[Dataset excerpts]
Content starts
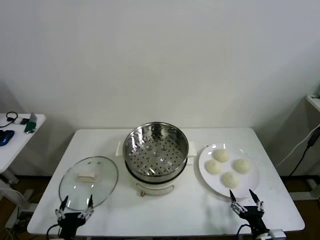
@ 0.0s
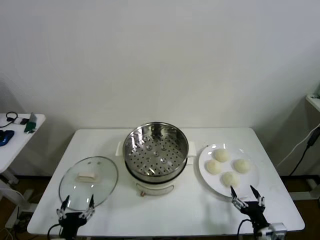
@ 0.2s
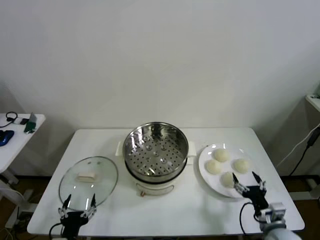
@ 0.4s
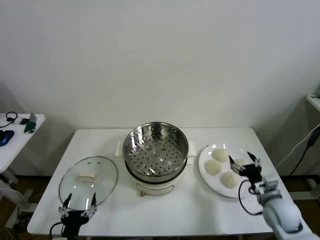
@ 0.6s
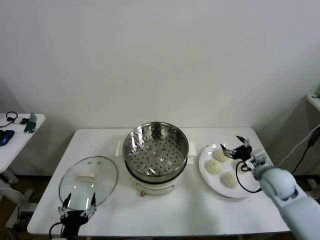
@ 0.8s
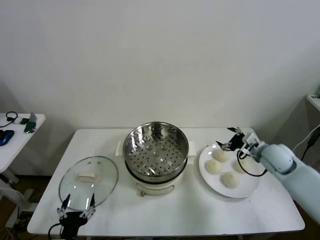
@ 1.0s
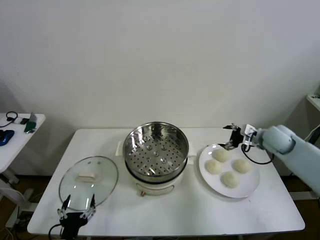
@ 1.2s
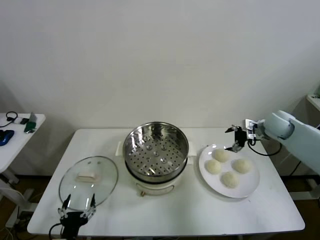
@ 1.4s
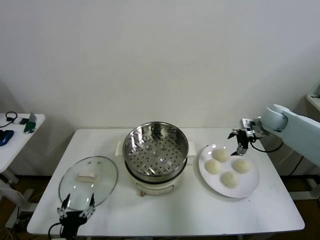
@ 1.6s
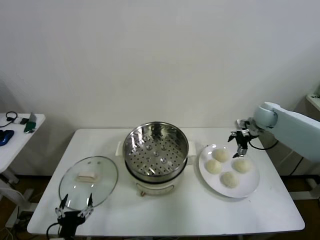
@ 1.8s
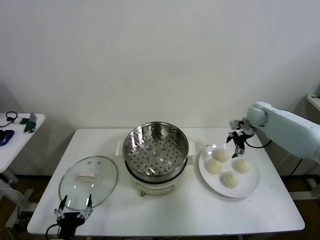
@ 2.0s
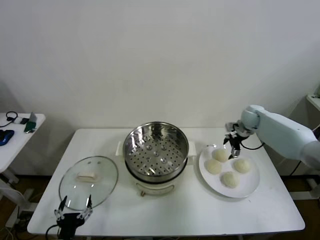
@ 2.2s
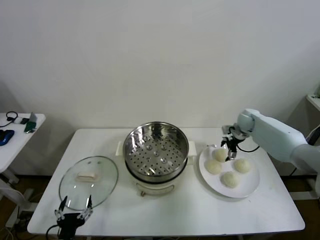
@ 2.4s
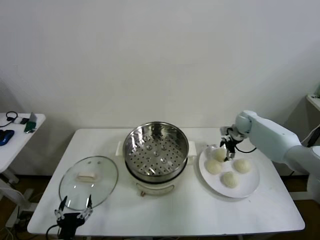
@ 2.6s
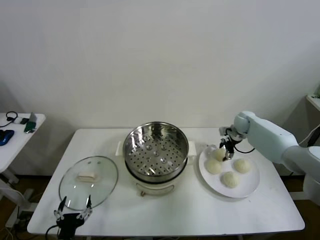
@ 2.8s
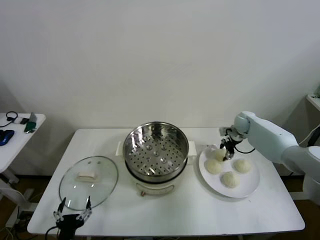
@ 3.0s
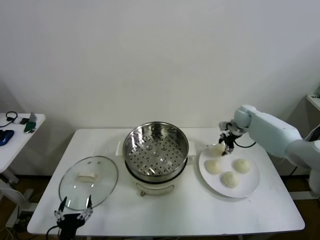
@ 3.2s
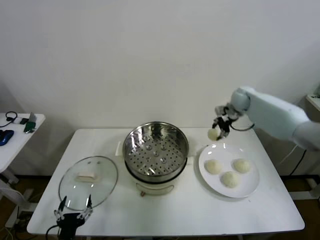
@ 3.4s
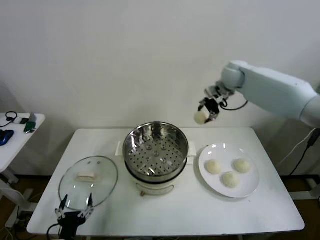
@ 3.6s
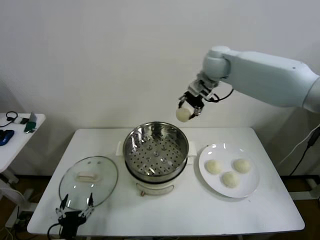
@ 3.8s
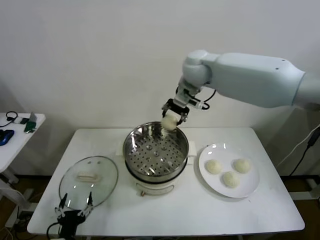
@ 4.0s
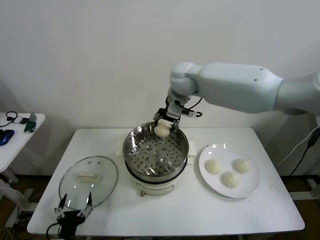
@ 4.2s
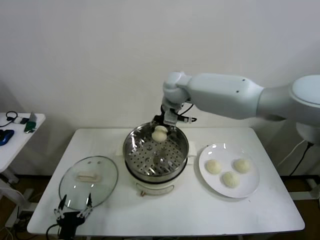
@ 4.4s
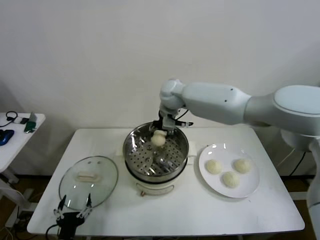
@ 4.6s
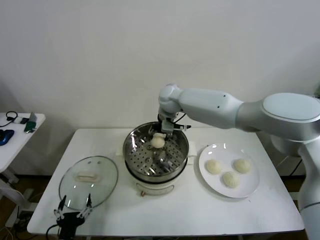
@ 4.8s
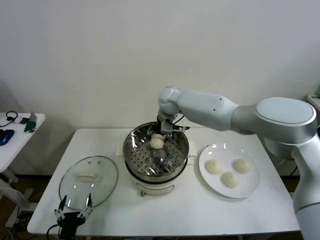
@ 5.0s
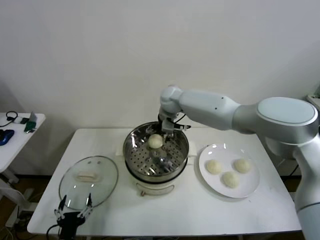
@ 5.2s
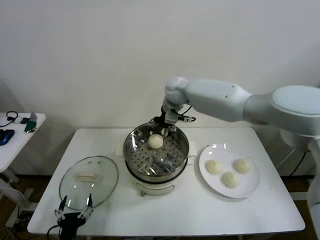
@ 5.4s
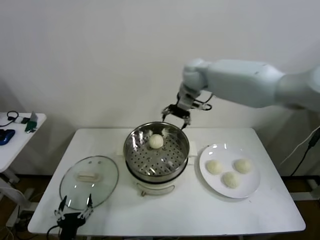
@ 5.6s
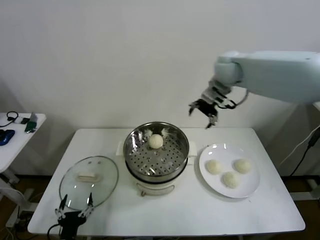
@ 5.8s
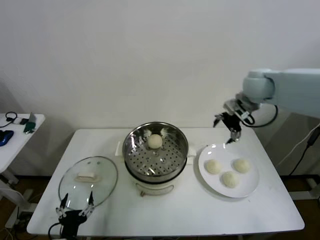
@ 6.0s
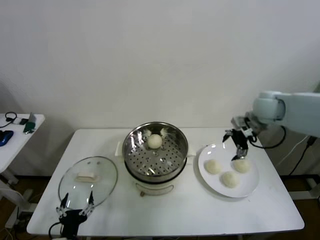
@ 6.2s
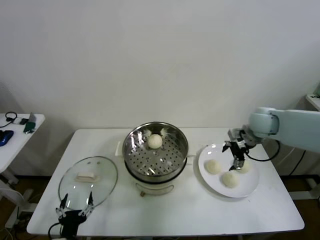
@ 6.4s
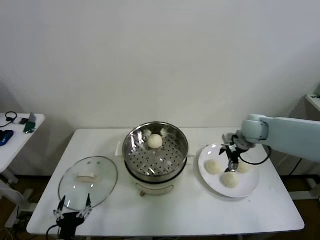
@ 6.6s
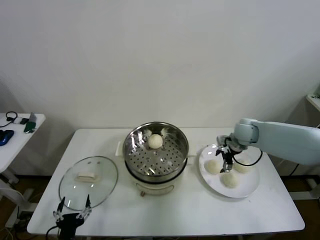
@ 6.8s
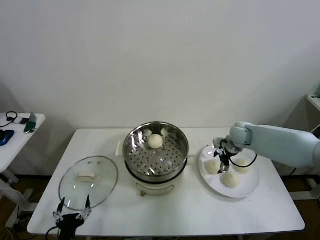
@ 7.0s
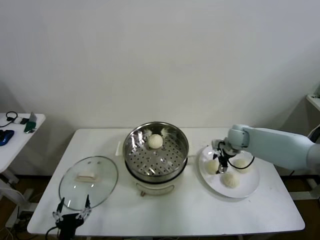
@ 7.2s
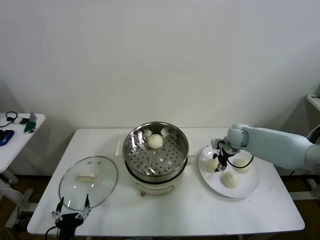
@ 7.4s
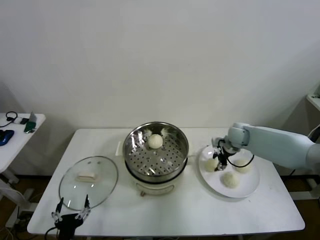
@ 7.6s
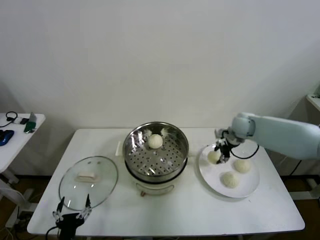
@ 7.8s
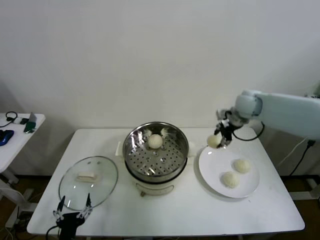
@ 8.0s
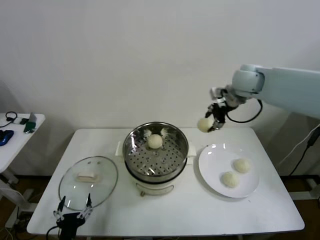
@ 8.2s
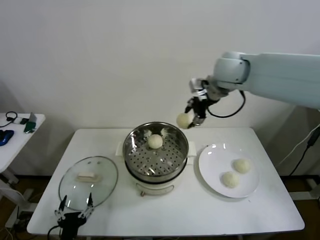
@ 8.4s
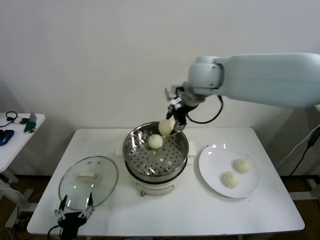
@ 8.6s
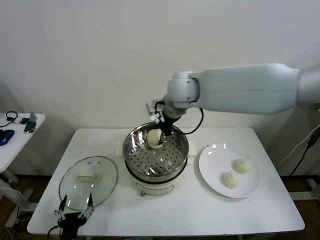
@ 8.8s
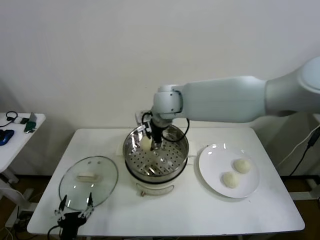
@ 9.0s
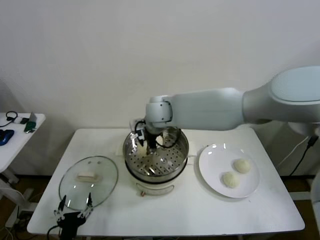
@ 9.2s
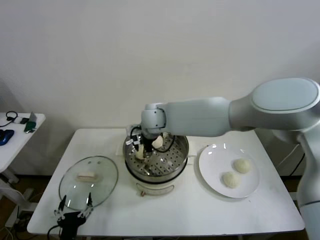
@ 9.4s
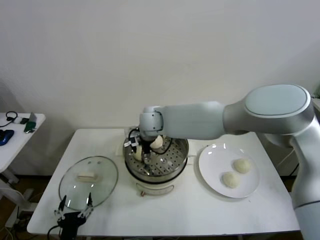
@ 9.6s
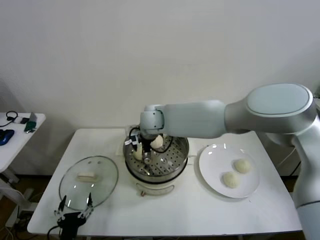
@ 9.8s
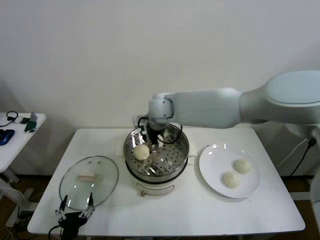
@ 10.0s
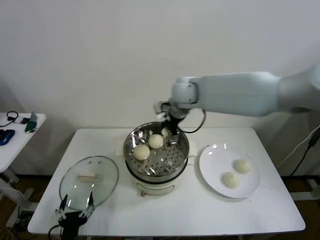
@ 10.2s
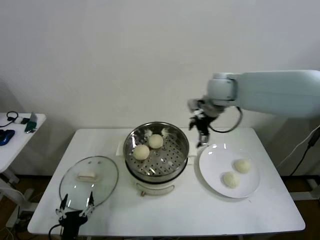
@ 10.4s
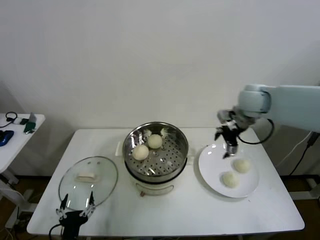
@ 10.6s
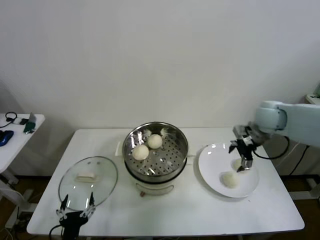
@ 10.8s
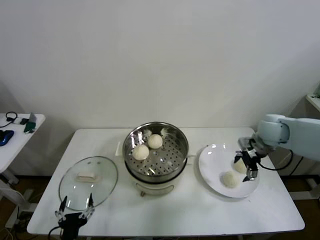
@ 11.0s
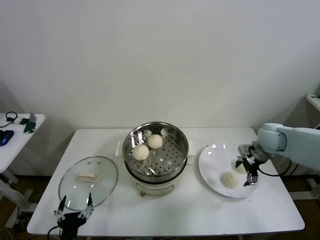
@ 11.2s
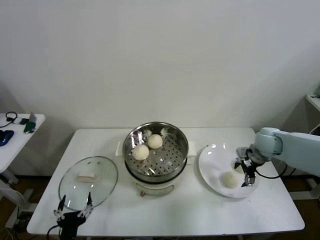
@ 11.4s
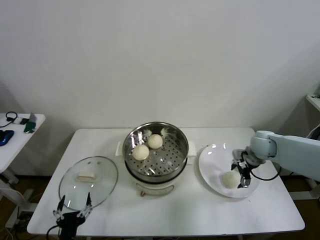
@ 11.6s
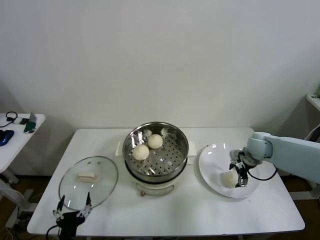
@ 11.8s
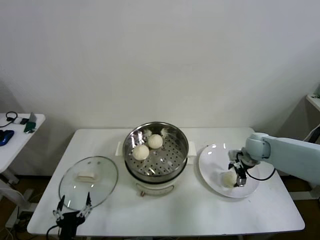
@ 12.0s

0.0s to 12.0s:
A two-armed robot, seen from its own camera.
Step, 0.0s to 2.8s: Grasp the baozi in the plate with right gripper.
Step, 3.0s to 5.0s: Place the baozi on the steamer with right gripper.
Step, 5.2s to 7.4s: Grasp the baozi in the plate with right gripper.
Step, 7.6s to 9.6s: Place the baozi on the steamer with right gripper.
1.6s to 3.0s: The right gripper goes about 10 cm downward and forward, and closes.
3.0s to 4.4s: The right gripper travels to the left and upward by approximately 35 cm.
4.4s to 6.0s: The right gripper goes about 25 cm to the right, and opens its fingers.
6.0s to 7.6s: The right gripper shifts about 20 cm downward, and closes.
7.6s to 9.0s: The right gripper goes some 35 cm to the left and upward.
9.0s to 10.4s: The right gripper travels to the right by roughly 20 cm, and opens.
10.4s to 12.0s: The right gripper travels downward and to the right by about 25 cm.
Content ends
> WORK REQUIRED:
When you copy the data above, keep each line exact and omit the pictures.

> FINISHED EXERCISE:
@ 0.0s
@ 0.2s
@ 0.4s
@ 0.6s
@ 0.8s
@ 1.0s
@ 1.2s
@ 1.4s
@ 1.6s
@ 1.8s
@ 2.0s
@ 2.2s
@ 2.4s
@ 2.6s
@ 2.8s
@ 3.0s
@ 3.2s
@ 3.4s
@ 3.6s
@ 3.8s
@ 4.0s
@ 4.2s
@ 4.4s
@ 4.6s
@ 4.8s
@ 5.0s
@ 5.2s
@ 5.4s
@ 5.6s
@ 5.8s
@ 6.0s
@ 6.2s
@ 6.4s
@ 6.6s
@ 6.8s
@ 7.0s
@ 7.2s
@ 7.4s
@ 7.6s
@ 7.8s
@ 8.0s
@ 8.2s
@ 8.4s
@ 8.6s
@ 8.8s
@ 9.0s
@ 9.2s
@ 9.4s
@ 9.6s
@ 9.8s
@ 10.0s
@ 10.2s
@ 10.4s
@ 10.6s
@ 10.8s
@ 11.0s
@ 11.2s
@ 11.4s
@ 11.6s
@ 11.8s
@ 12.0s

0.0s to 12.0s:
A two-armed robot, seen from its own camera.
Step, 0.0s to 2.8s: Grasp the baozi in the plate with right gripper.
Step, 3.0s to 5.0s: Place the baozi on the steamer with right gripper.
Step, 5.2s to 7.4s: Grasp the baozi in the plate with right gripper.
Step, 7.6s to 9.6s: Place the baozi on the steamer with right gripper.
1.6s to 3.0s: The right gripper goes about 10 cm downward and forward, and closes.
3.0s to 4.4s: The right gripper travels to the left and upward by approximately 35 cm.
4.4s to 6.0s: The right gripper goes about 25 cm to the right, and opens its fingers.
6.0s to 7.6s: The right gripper shifts about 20 cm downward, and closes.
7.6s to 9.0s: The right gripper goes some 35 cm to the left and upward.
9.0s to 10.4s: The right gripper travels to the right by roughly 20 cm, and opens.
10.4s to 12.0s: The right gripper travels downward and to the right by about 25 cm.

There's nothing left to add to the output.